When his hand settles at my hip and his fingers brush the edge of my panties, he finds them wet with my arousal. His breath leaves him in a low groan that vibrates straight through me before he hooks his fingers into the fabric and eases it away.
He leans in, mouth warm against my skin, his tongue flicking out to taste me.
He traces slow, knowing paths along my folds, learning me, drawing a sharp breath from my chest as his tongue becomes more certain.
When his mouth finally finds my clit and closes around it in small, luxurious sucks, it’s with purpose—steady, unrelenting—until my thoughts scatter and all I can do is grind against his mouth.
He slips a finger inside me, then another, pumping them in and out, causing me to tremble around them.
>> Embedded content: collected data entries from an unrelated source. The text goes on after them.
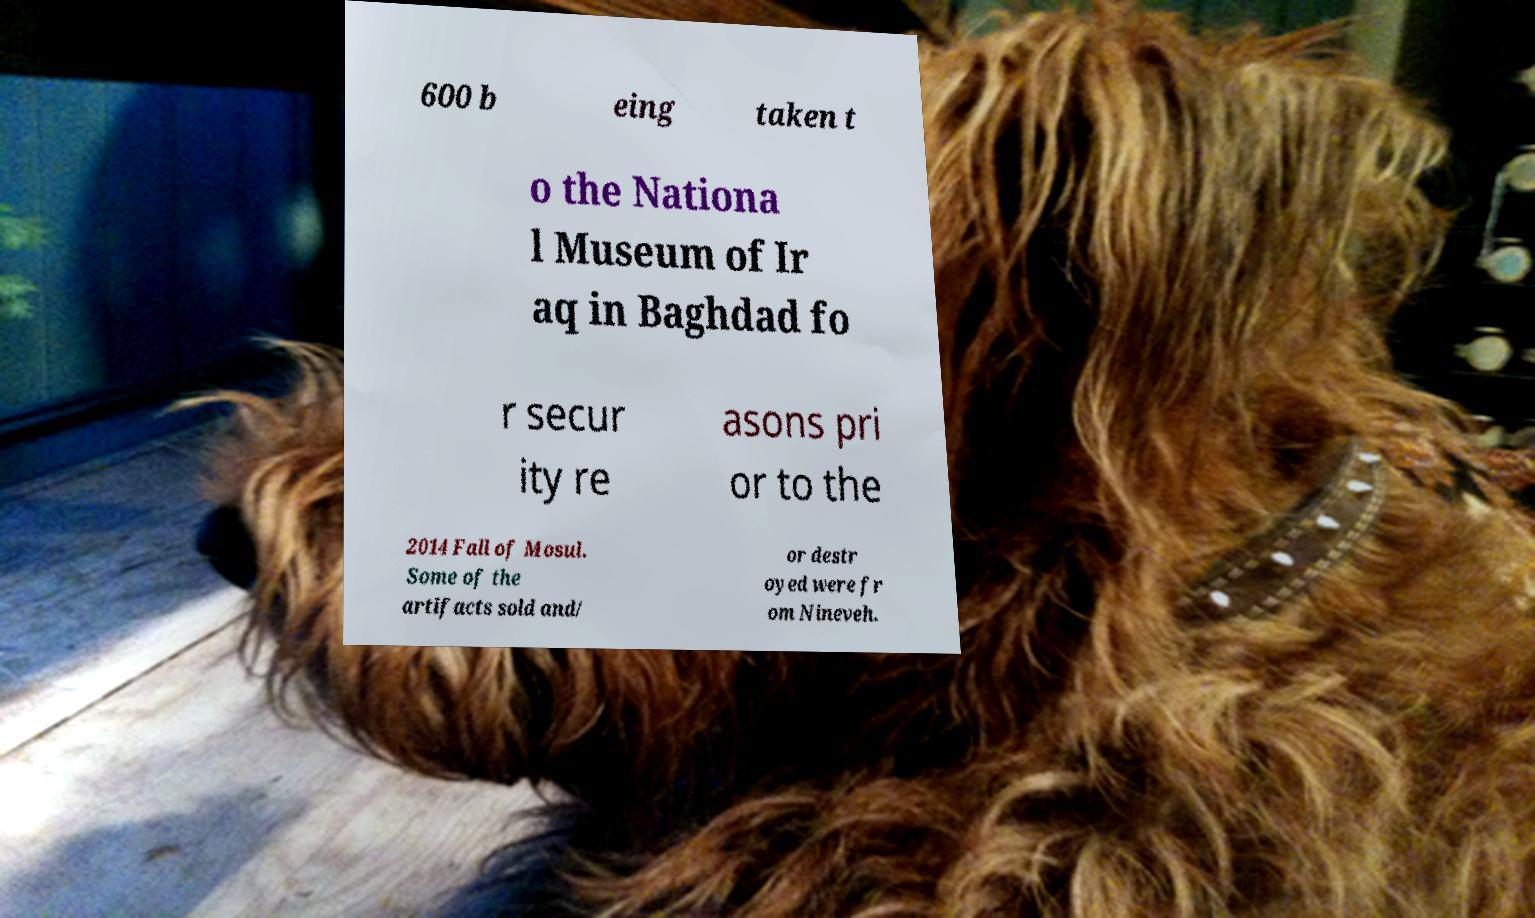Could you extract and type out the text from this image? 600 b eing taken t o the Nationa l Museum of Ir aq in Baghdad fo r secur ity re asons pri or to the 2014 Fall of Mosul. Some of the artifacts sold and/ or destr oyed were fr om Nineveh. 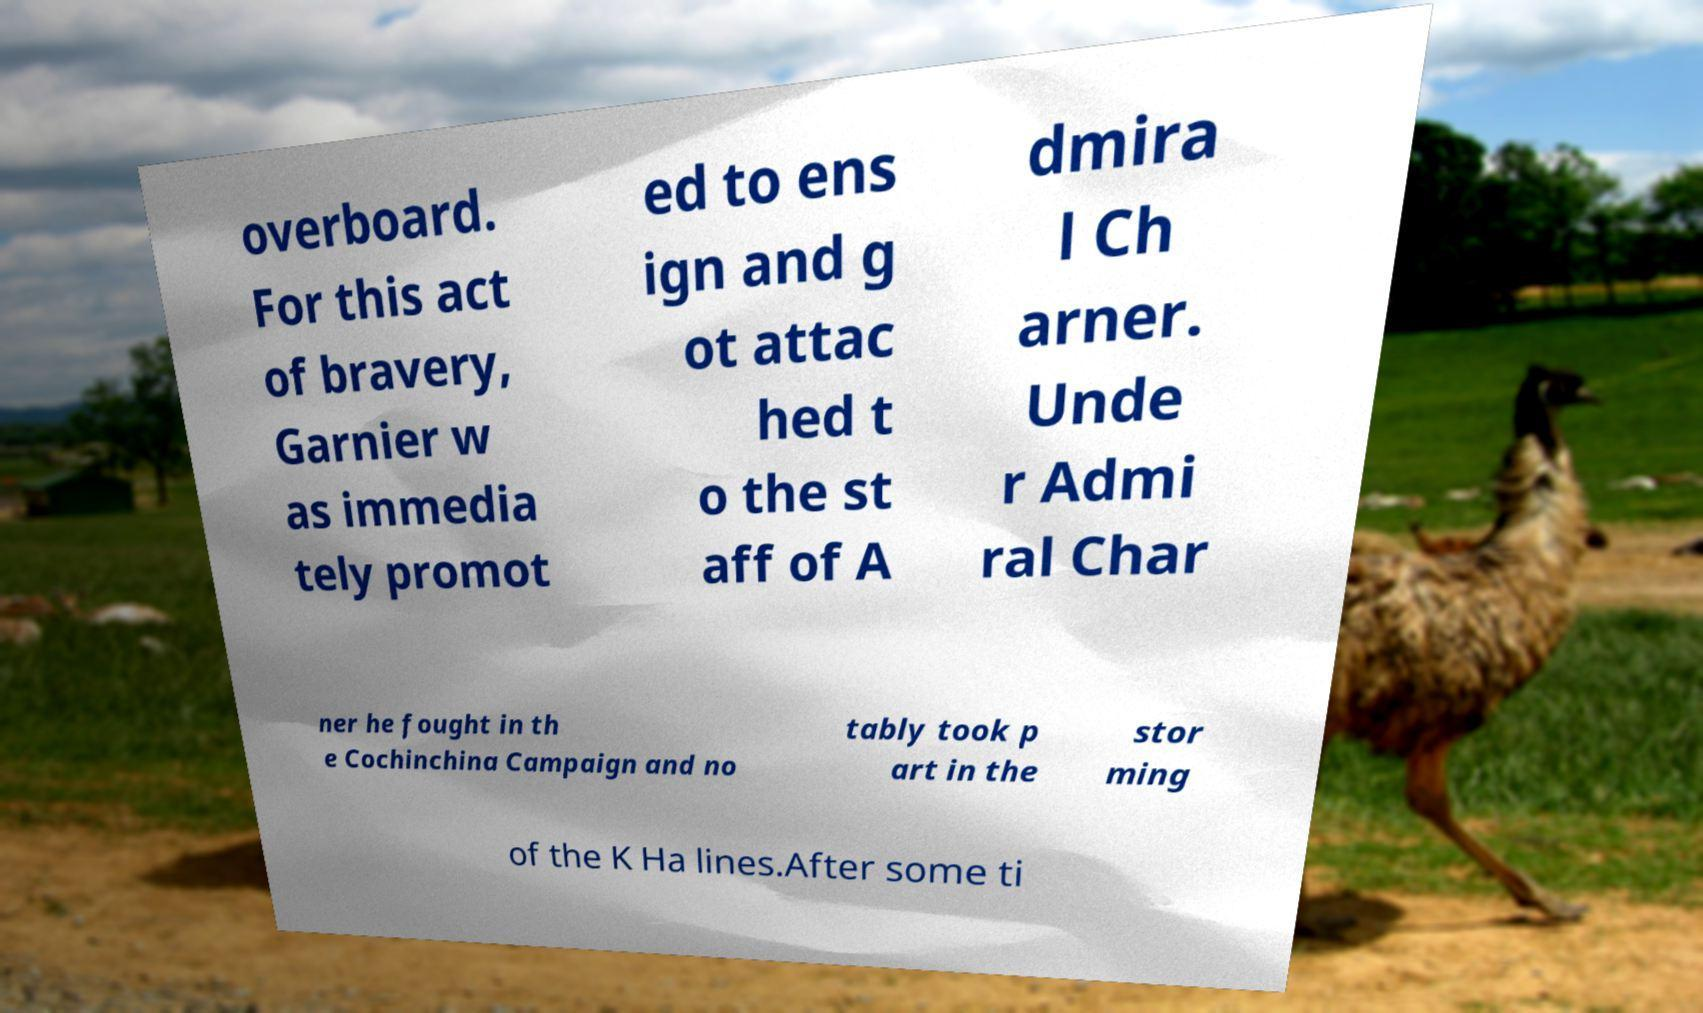For documentation purposes, I need the text within this image transcribed. Could you provide that? overboard. For this act of bravery, Garnier w as immedia tely promot ed to ens ign and g ot attac hed t o the st aff of A dmira l Ch arner. Unde r Admi ral Char ner he fought in th e Cochinchina Campaign and no tably took p art in the stor ming of the K Ha lines.After some ti 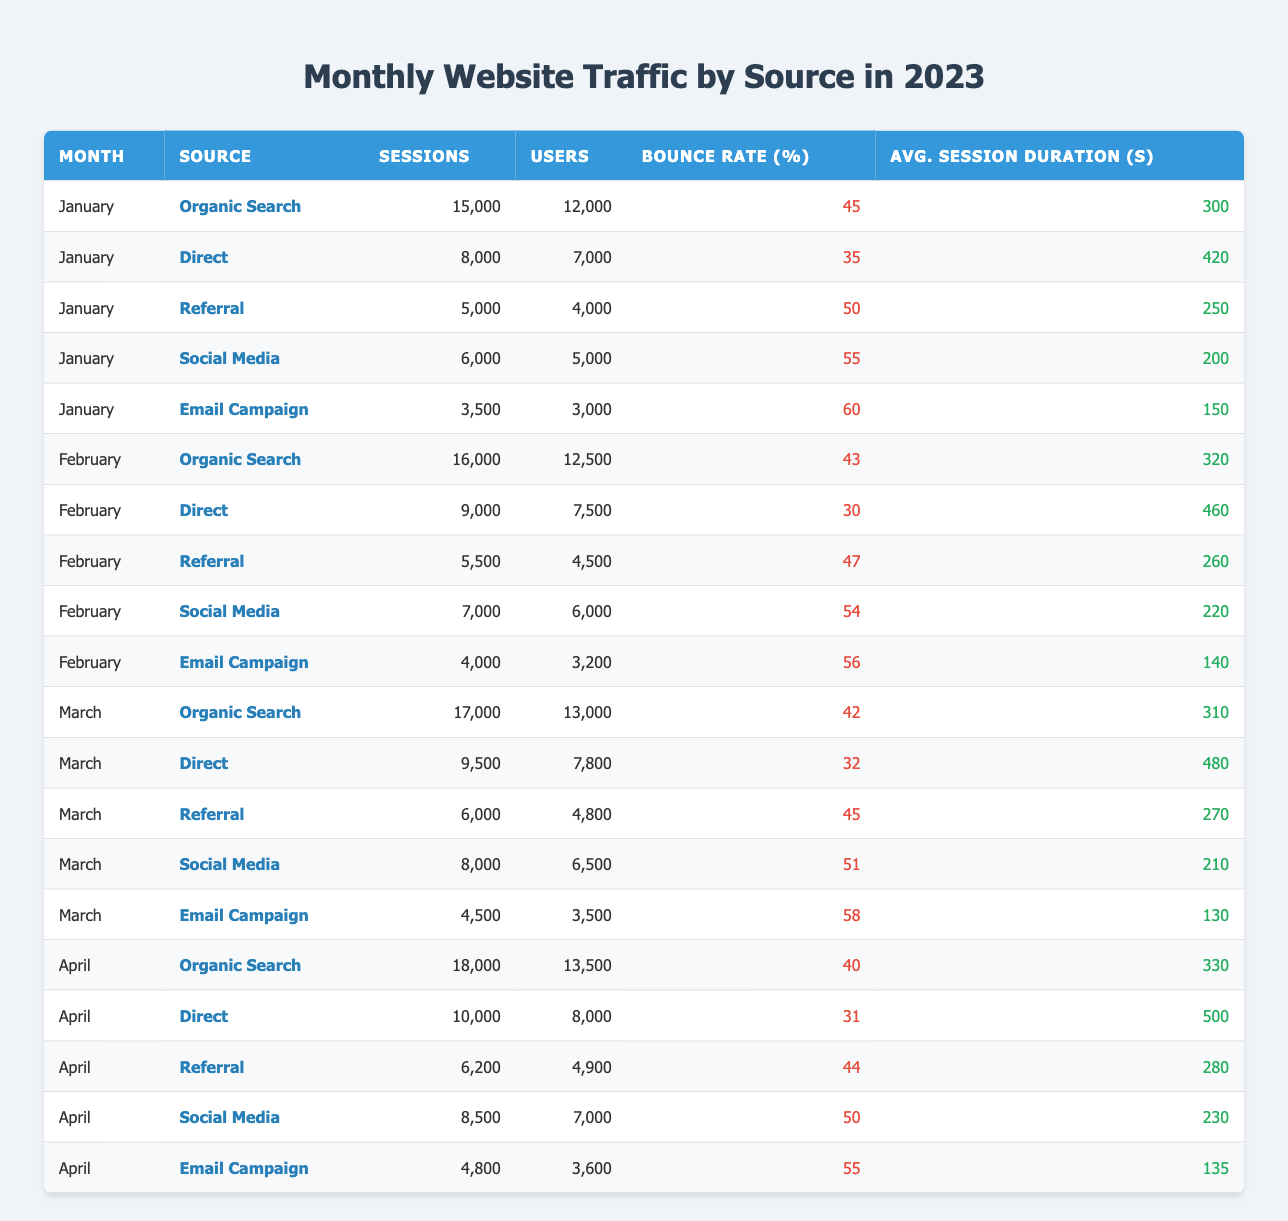What's the highest number of sessions recorded in January? In January, the source with the highest number of sessions is "Organic Search" with 15,000 sessions.
Answer: 15,000 What is the average bounce rate for Email Campaign across the four months? The bounce rates for Email Campaign are 60, 56, 58, and 55. Summing these gives 60 + 56 + 58 + 55 = 229. There are 4 entries, so the average bounce rate is 229 / 4 = 57.25.
Answer: 57.25 Was the number of users from Direct traffic greater than that from Social Media in February? In February, the number of users from Direct traffic is 7,500, while from Social Media it is 6,000. Since 7,500 is greater than 6,000, the answer is yes.
Answer: Yes How much did the number of sessions from Organic Search increase from January to April? In January, the sessions for Organic Search are 15,000, and in April, they are 18,000. The difference is 18,000 - 15,000 = 3,000 sessions.
Answer: 3,000 What was the total number of users across all sources in March? The users for each source in March are: 13,000 (Organic Search) + 7,800 (Direct) + 4,800 (Referral) + 6,500 (Social Media) + 3,500 (Email Campaign). Adding these gives 13,000 + 7,800 + 4,800 + 6,500 + 3,500 = 35,600 users.
Answer: 35,600 Did the average session duration for Direct traffic increase or decrease from February to April? In February, the average session duration for Direct traffic is 460 seconds, and in April, it is 500 seconds. Since 500 is greater than 460, we conclude that it increased.
Answer: Increased What was the highest bounce rate recorded for any source in January? The highest bounce rate in January is from "Email Campaign," which has a bounce rate of 60%.
Answer: 60 Which traffic source had the lowest number of sessions in February? In February, "Email Campaign" had the lowest number of sessions at 4,000 compared to other sources.
Answer: 4,000 How many users came from Referral traffic in April? In April, the number of users from Referral traffic is 4,900, as stated in the table.
Answer: 4,900

I’m on the cusp of coming when he pulls back, and retrieves a condom from his discarded wallet. He positions himself between my legs and lines up his cock with my pussy. He nudges my entrance, teasing me as I stand on the edge of my impending orgasm, before he asks me if I’m ready for him.
Baby, I’m more than ready, I want to tell him. But words escape me and all I can do is nod.
He pushes into me slowly, nudging his cock inch by inch, breaching the tightness, until he’s seated deep inside me.
“So fucking tight,” he hisses.
His gaze lingers on me, dark and magnetic, like he’s memorising this moment. And then his mouth finds me—first soft, then more certain—his attention focused and unrelenting as he starts to move.
I wrap my legs around his waist, forcing him in deeper, wanting to feel every last inch of him. He picks up his pace, his cock pumping in and out of me, until the pressure builds between us.
“Fuck, Rowan,” he murmurs, a rough warning, like my name alone is enough to undo him.
He fucks me harder, faster, then reaches between us and presses his thumb to my clit as he continues to move.
My pussy clenches around his cock, pulsing as an explosive orgasm rips through me.
He follows soon after, buried deep and unmoving, his forehead dropping to my shoulder as we ride out our orgasm together.